Both the tongue and soft palate are muscular structures, so the muscular hydrostat theory applies 17. However, as explored and published previously, this theory may not be applied to regional dimensional changes of the tongue (and soft plate) as the regional volume changes have been verified 18. The present study further demonstrated that the increase and decrease of each measured dimensional change do not compensate for each other to maintain the volume constant in the region circumscribed by the ultrasonic crystals. More importantly, the present study revealed that the elongation and widening of both the tongue base and soft palate may be the key players in leading or guiding the airflow into the oropharyngeal airway during respiration. At the same time, while both the dorsal tongue base and the soft palate widened, the ventral tongue base narrowed instead, along with anterior thinning and posterior thickening of the tongue base. Therefore, during inspiration, the cubic shape circumscribed by the 8 implanted ultrasound crystals (Fig. 6A) becomes an irregular trapezoid-like shape, featuring a longer and wider top but narrowed bottom, and further tapering sagittally from anteriorly decreased to posteriorly increased thicknesses in the tongue base (Fig. 6B). At the same time, the soft palate extends in both length and width. These dynamic dimensional changes in the shapes of the tongue base and soft palate expand the lumen of velar and oral pharynx thus increase the volume of the oropharyngeal airway for its patency, as our findings in the airflow dynamics in the same minipig models previously published 16. Thus, it is reasonable to speculate that an enlarged tongue base and/or soft palate due to obesity or other pathological conditions are predisposing factors of airway obstruction, particularly at the status of the decreased tone of the tongue and soft palate muscles during sleep 19.
Respiration is a complex process divided into three phases: inspiration, post-inspiration, and active expiration 20. During respiration, the morphologies of oropharyngeal structures and the volume of airway spaces continuously change from the anterior nostril to pulmonary alveoli. In addition, the luminal pressure in certain airway segments is proportionally distributed, and the airflow patterns and resistance may therefore be determined by the regional morphological characteristics.
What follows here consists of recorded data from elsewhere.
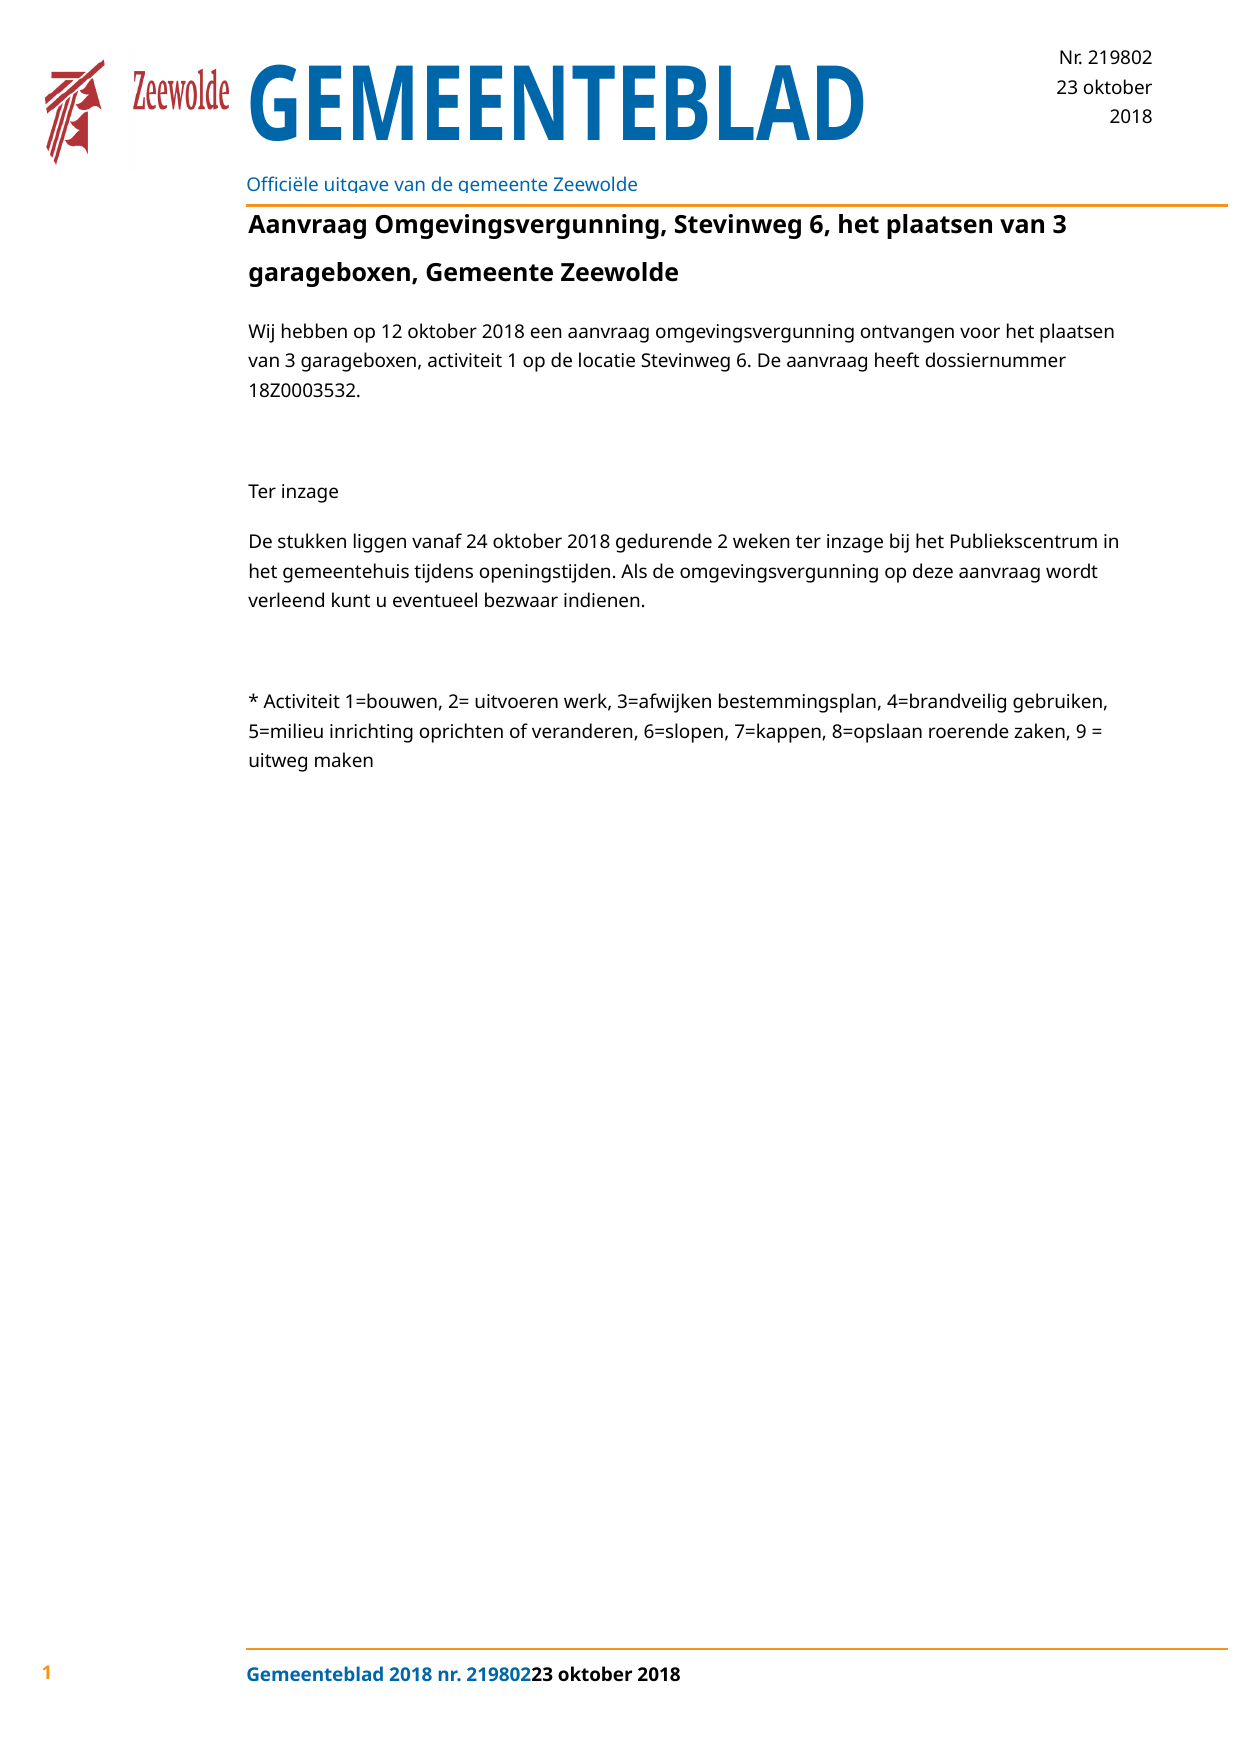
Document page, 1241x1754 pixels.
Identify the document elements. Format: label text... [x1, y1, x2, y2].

picture [41, 47, 231, 172]
text De stukken liggen vanaf 24 oktober 2018 gedurende 2 weken ter inzage bij het Publiekscentrum in het gemeentehuis tijdens openingstijden. Als de omgevingsvergunning op deze aanvraag wordt verleend kunt u eventueel bezwaar indienen. [248, 528, 1152, 613]
text Aanvraag Omgevingsvergunning, Stevinweg 6, het plaatsen van 3 garageboxen, Gemeente Zeewolde [248, 207, 1152, 288]
text * Activiteit 1=bouwen, 2= uitvoeren werk, 3=afwijken bestemmingsplan, 4=brandveilig gebruiken, 5=milieu inrichting oprichten of veranderen, 6=slopen, 7=kappen, 8=opslaan roerende zaken, 9 = uitweg maken [248, 688, 1152, 773]
text Ter inzage [248, 478, 1152, 504]
text Wij hebben op 12 oktober 2018 een aanvraag omgevingsvergunning ontvangen voor het plaatsen van 3 garageboxen, activiteit 1 op de locatie Stevinweg 6. De aanvraag heeft dossiernummer 18Z0003532. [248, 318, 1152, 403]

A previous study has shown that during oronasal breathing (as during exercise, speech, or smoking), the impedances of the nasal and oral pharynx are determined by the position of the soft palate 11,21. Therefore, the observed respiratory dimensional changes in the tongue base and soft palate would certainly alter the morphology of the velar and oral pharyngeal airway which in turn modify the inspiratory and expiratory airflows as we found in the computational fluid dynamic modeling in these same minipig models 16.
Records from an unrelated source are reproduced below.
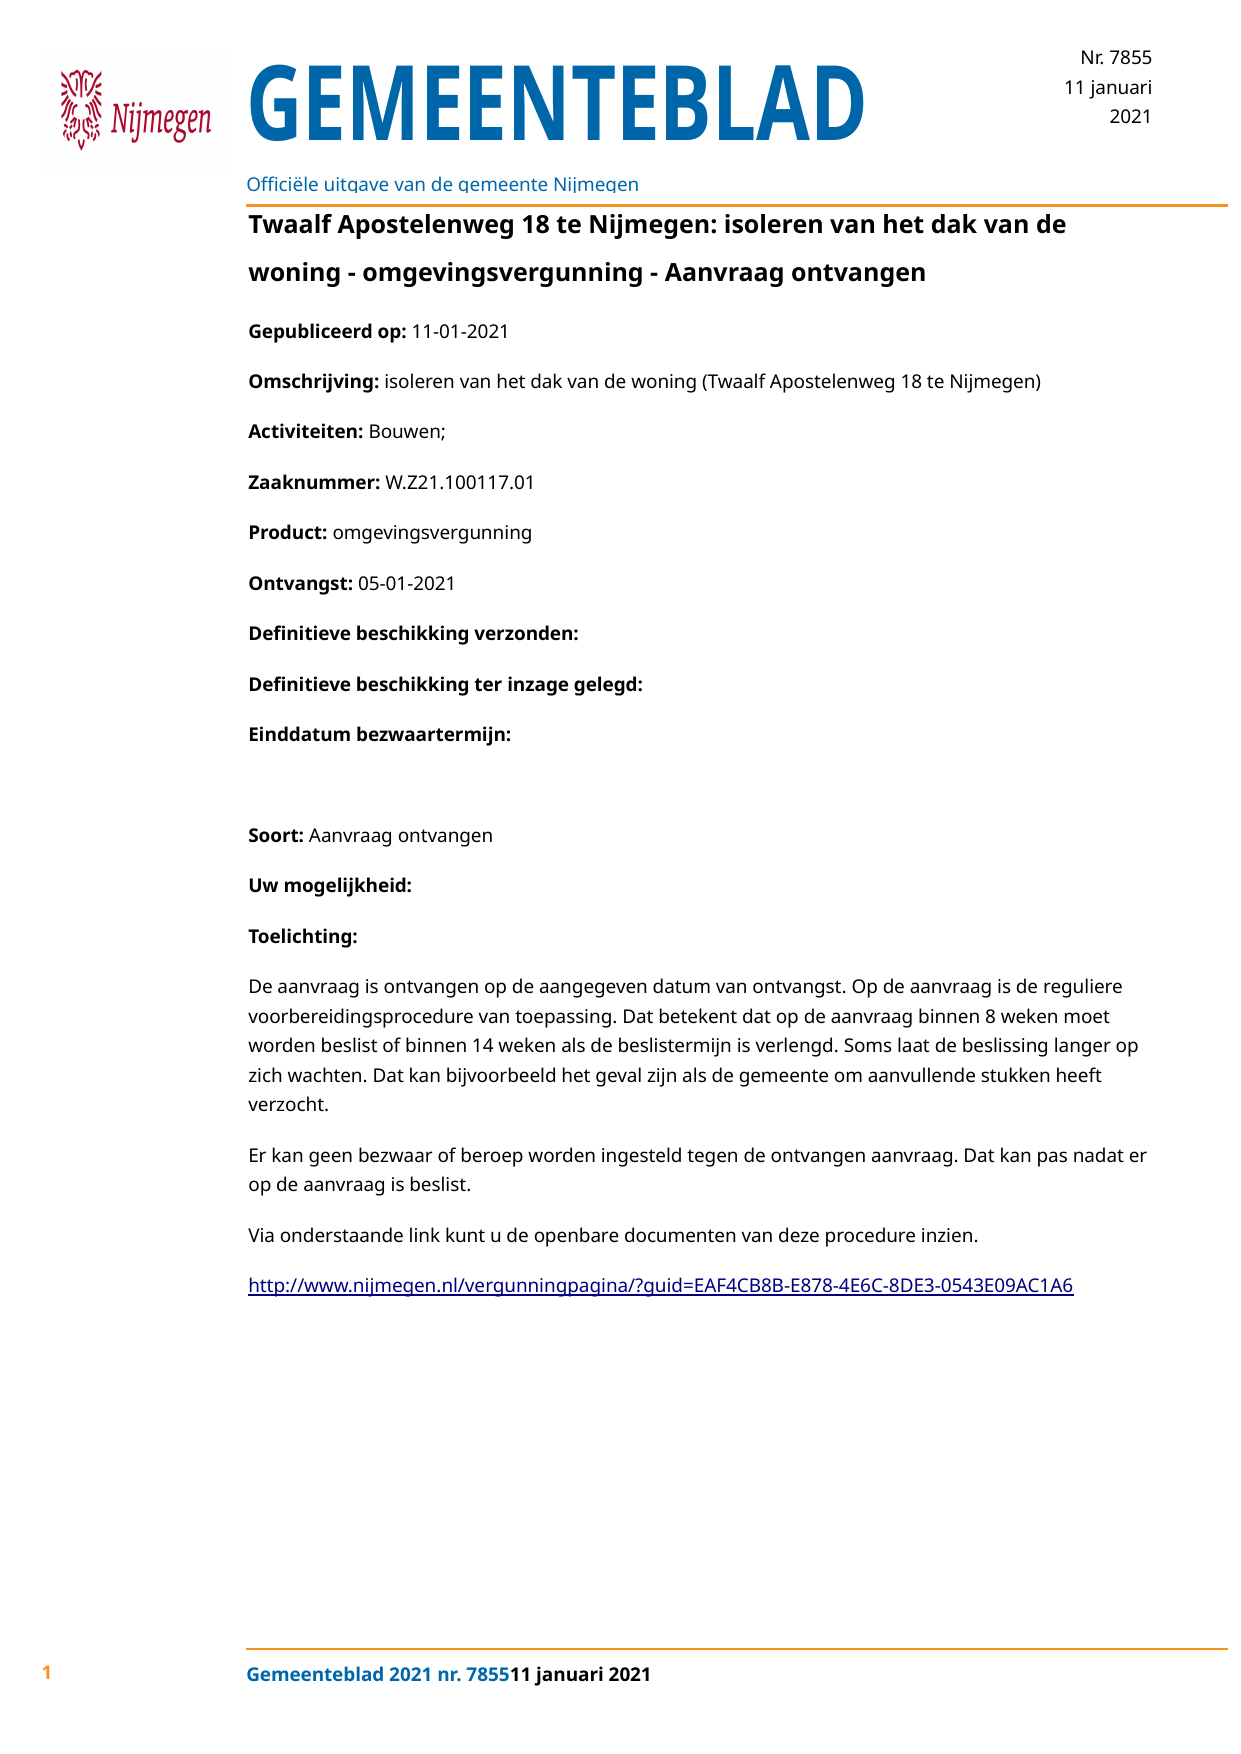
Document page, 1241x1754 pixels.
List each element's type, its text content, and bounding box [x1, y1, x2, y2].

text Gepubliceerd op: 11-01-2021 [248, 318, 1152, 344]
text Definitieve beschikking verzonden: [248, 620, 1152, 646]
text Toelichting: [248, 923, 1152, 949]
text Einddatum bezwaartermijn: [248, 721, 1152, 747]
text Uw mogelijkheid: [248, 872, 1152, 898]
text Soort: Aanvraag ontvangen [248, 822, 1152, 848]
text Definitieve beschikking ter inzage gelegd: [248, 671, 1152, 697]
text Product: omgevingsvergunning [248, 519, 1152, 545]
text De aanvraag is ontvangen op de aangegeven datum van ontvangst. Op de aanvraag is de reguliere voorbereidingsprocedure van toepassing. Dat betekent dat op de aanvraag binnen 8 weken moet worden beslist of binnen 14 weken als de beslistermijn is verlengd. Soms laat de beslissing langer op zich wachten. Dat kan bijvoorbeeld het geval zijn als de gemeente om aanvullende stukken heeft verzocht. [248, 973, 1152, 1117]
text Activiteiten: Bouwen; [248, 419, 1152, 444]
text Er kan geen bezwaar of beroep worden ingesteld tegen de ontvangen aanvraag. Dat kan pas nadat er op de aanvraag is beslist. [248, 1142, 1152, 1197]
picture [41, 47, 231, 172]
text Omschrijving: isoleren van het dak van de woning (Twaalf Apostelenweg 18 te Nijmegen) [248, 368, 1152, 394]
text Zaaknummer: W.Z21.100117.01 [248, 469, 1152, 495]
text Via onderstaande link kunt u de openbare documenten van deze procedure inzien. [248, 1222, 1152, 1248]
text http://www.nijmegen.nl/vergunningpagina/?guid=EAF4CB8B-E878-4E6C-8DE3-0543E09AC1A6 [248, 1272, 1152, 1298]
text Ontvangst: 05-01-2021 [248, 570, 1152, 596]
text Twaalf Apostelenweg 18 te Nijmegen: isoleren van het dak van de woning - omgevingsvergunning - Aanvraag ontvangen [248, 207, 1152, 288]

The present study of the internal kinematics of the tongue base and soft palate in OSA minipig model is particularly relevant to the human OSA condition. A most recent clinical survey indicated that the prevalence of snoring in obese individuals is almost 100% among whom 58% presents severe degree of OSA, and have their airway obstructions, and these obstructions most often occurr at the retro-palatal and retro-glossal levels 22. A recent meta-analysis of 2,950 patients from 19 studies also showed the soft palate and tongue base were the two most common sites of airway obstruction. This meta-analysis also showed that the degree of tongue base obstruction was associated with the severity of OSA 12.
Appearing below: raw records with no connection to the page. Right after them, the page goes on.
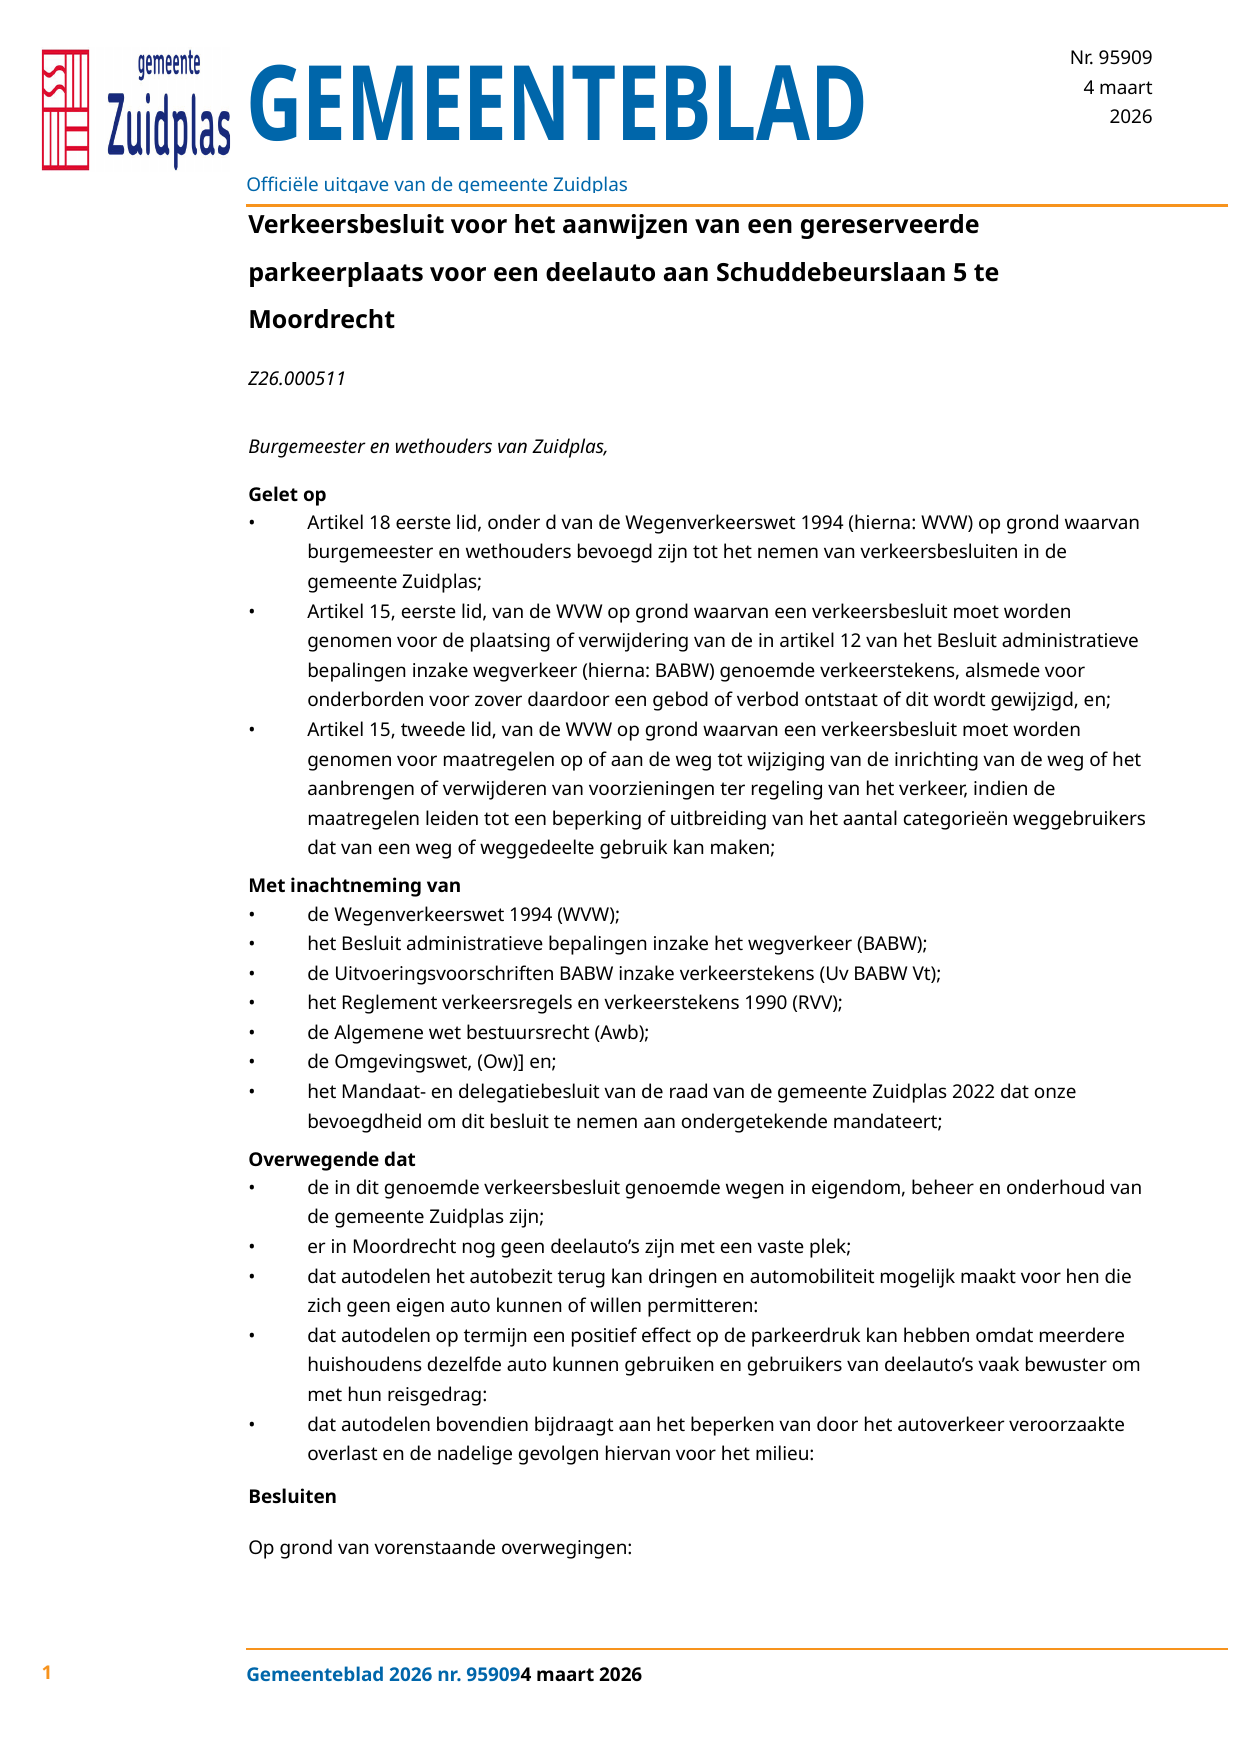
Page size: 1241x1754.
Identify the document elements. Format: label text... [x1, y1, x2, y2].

text Met inachtneming van [248, 872, 1152, 898]
list Artikel 18 eerste lid, onder d van de Wegenverkeerswet 1994 (hierna: WVW) op grond waarvan burgemeester en wethouders bevoegd zijn tot het nemen van verkeersbesluiten in de gemeente Zuidplas; [248, 509, 1152, 594]
text Gelet op [248, 481, 1152, 507]
list de Uitvoeringsvoorschriften BABW inzake verkeerstekens (Uv BABW Vt); [248, 960, 1152, 986]
text Overwegende dat [248, 1146, 1152, 1172]
list de in dit genoemde verkeersbesluit genoemde wegen in eigendom, beheer en onderhoud van de gemeente Zuidplas zijn; [248, 1174, 1152, 1229]
list dat autodelen op termijn een positief effect op de parkeerdruk kan hebben omdat meerdere huishoudens dezelfde auto kunnen gebruiken en gebruikers van deelauto’s vaak bewuster om met hun reisgedrag: [248, 1322, 1152, 1407]
list er in Moordrecht nog geen deelauto’s zijn met een vaste plek; [248, 1233, 1152, 1259]
text Besluiten [248, 1484, 1152, 1509]
list dat autodelen het autobezit terug kan dringen en automobiliteit mogelijk maakt voor hen die zich geen eigen auto kunnen of willen permitteren: [248, 1263, 1152, 1318]
list het Reglement verkeersregels en verkeerstekens 1990 (RVV); [248, 989, 1152, 1015]
text Op grond van vorenstaande overwegingen: [248, 1534, 1152, 1560]
list Artikel 15, tweede lid, van de WVW op grond waarvan een verkeersbesluit moet worden genomen voor maatregelen op of aan de weg tot wijziging van de inrichting van de weg of het aanbrengen of verwijderen van voorzieningen ter regeling van het verkeer, indien de maatregelen leiden tot een beperking of uitbreiding van het aantal categorieën weggebruikers dat van een weg of weggedeelte gebruik kan maken; [248, 716, 1152, 860]
text Z26.000511 [248, 366, 1152, 391]
list Artikel 15, eerste lid, van de WVW op grond waarvan een verkeersbesluit moet worden genomen voor de plaatsing of verwijdering van de in artikel 12 van het Besluit administratieve bepalingen inzake wegverkeer (hierna: BABW) genoemde verkeerstekens, alsmede voor onderborden voor zover daardoor een gebod of verbod ontstaat of dit wordt gewijzigd, en; [248, 598, 1152, 712]
list het Besluit administratieve bepalingen inzake het wegverkeer (BABW); [248, 930, 1152, 956]
list de Omgevingswet, (Ow)] en; [248, 1049, 1152, 1074]
list het Mandaat- en delegatiebesluit van de raad van de gemeente Zuidplas 2022 dat onze bevoegdheid om dit besluit te nemen aan ondergetekende mandateert; [248, 1078, 1152, 1134]
list de Wegenverkeerswet 1994 (WVW); [248, 901, 1152, 927]
text Burgemeester en wethouders van Zuidplas, [248, 433, 1152, 459]
text Verkeersbesluit voor het aanwijzen van een gereserveerde parkeerplaats voor een deelauto aan Schuddebeurslaan 5 te Moordrecht [248, 207, 1152, 336]
list de Algemene wet bestuursrecht (Awb); [248, 1019, 1152, 1045]
list dat autodelen bovendien bijdraagt aan het beperken van door het autoverkeer veroorzaakte overlast en de nadelige gevolgen hiervan voor het milieu: [248, 1411, 1152, 1466]
picture [41, 47, 231, 172]

In the present study, both heavy snoring and severe OSA were identified in obese minipigs although snoring did not occur in young obese Yucatan minipigs during the implanted ultrasound crystal recording. Nevertheless, the enhanced internal kinematics and altered spatial relationship in the tongue base and soft palate during respiration is related to the presence of obesity/OSA, and this enhancement may have a compensatory effect on the potential oropharyngeal airway restriction or collapse.
There are several limitations in the present study. The first is the small sample sizes in each type of minipigs, particularly the lack of the same aged controls of Panepinto minipigs due to the source unavailability. Therefore, the observed differences in Panepinto obese/OSA minipigs could be derived from the different breeds of minipigs. However, given the fact that Panepinto minipigs are a Yucatan crossbreed 14, and obese Panepinto had similar BMI to obese Yucatan minipigs, it could be reasonably speculated that the observed differences between normal Yucatan and obese/OSA Panepinto minipigs were most likely resulted from obesity and/or OSA. The second is that not all crystal recordings were successful due to the vulnerability of the implanted ultrasound crystals. Despite these, the results clearly reveal the respiratory characteristics of the internal kinematics in the tongue base and soft palate in normal minipigs and the differences in obese minipigs with OSA. As described in the methods, the recordings were performed under sedated sleep, instead of natural respiration in consciousness or sleep. Fortunately, the confounding effect of sedation and anesthesia on respiration has been proven to be minor 23–25, and the physical parameters between sedated and natural sleep present clear similarity in these normal and obese minipigs 15. Therefore, this limitation could be considered minor but still needs to be confirmed during natural respiration when the technique becomes available.